Pero seguía habiendo asignaturas pendientes que requerían de premura en su tramitación y aprobación. La fundamental, la que era objetivo primordial y origen de lo que debía ser España, a ojos de sus nuevos dirigentes, era la elaboración, aprobación y promulgación de una constitución. Pero antes de eso era necesario que más actores subieran a escena y colaboraran a engrandecer la representación. Y fue en esas en las que se atendieron algunas demandas históricas de partidos territoriales tales como los nacionalistas vascos y catalanes.

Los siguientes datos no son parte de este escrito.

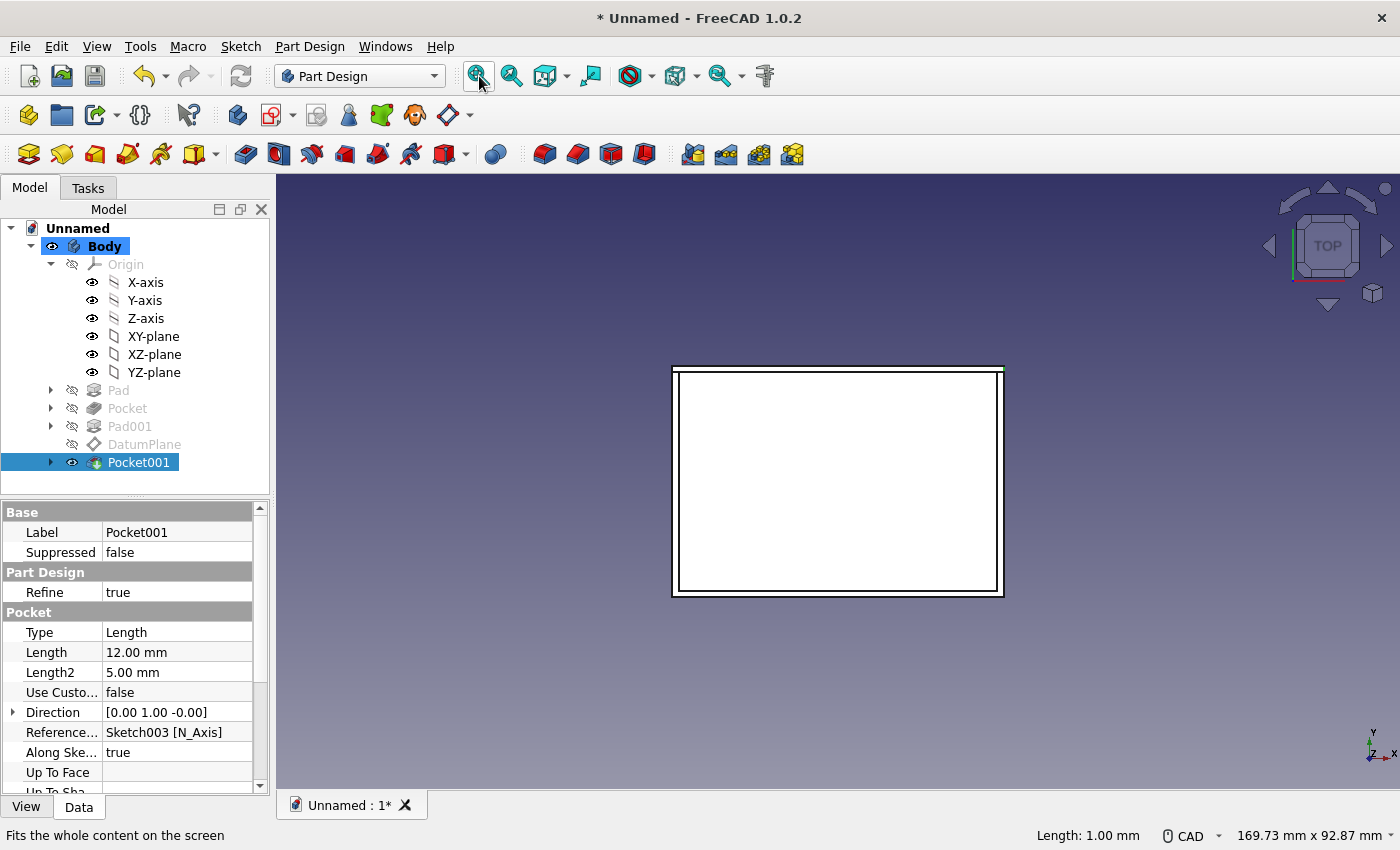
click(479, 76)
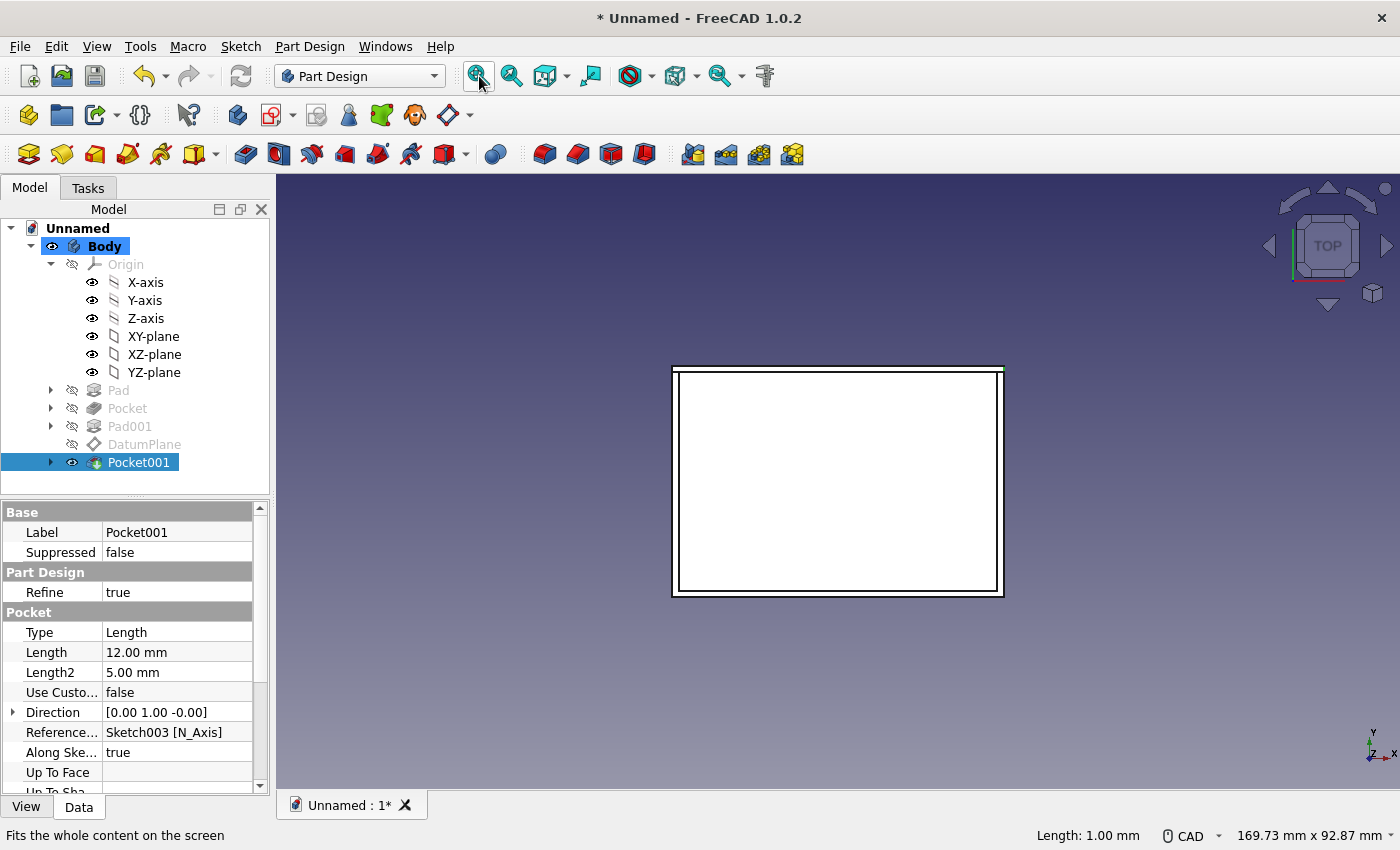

Se reconoció, porque era necesario y cuestión sine qua non, el principio de los Gobiernos regionales autonómicos, sin que se aprobara, de entrada, un Estado de las Autonomías al uso, pero sí con la promulgación de la Constitución se daría el marco sobre el cual ir colgando los diferentes Estatutos autonómicos que establecerían el reconocimiento de distintos territorios dentro del Estado español.

Finalmente, el 6 de diciembre de 1978, y tras el trabajo de los conocidos como «padres de la Constitución», con el refrendo de la mayoría de las sensibilidades políticas del país, se sometió a referéndum el texto constitucional aprobado en octubre por el parlamento.

La Constitución quedó refrendada por casi el noventa por ciento de los españoles que acudieron a las urnas aquel día.

El 29 de diciembre de 1978, tras su publicación en el BOE, la Constitución española del 78 pasó a ser la norma fundamental del nuevo Estado democrático de España.

1. Traducción: Se ha muerto el caudillo. Pero ¡qué dices!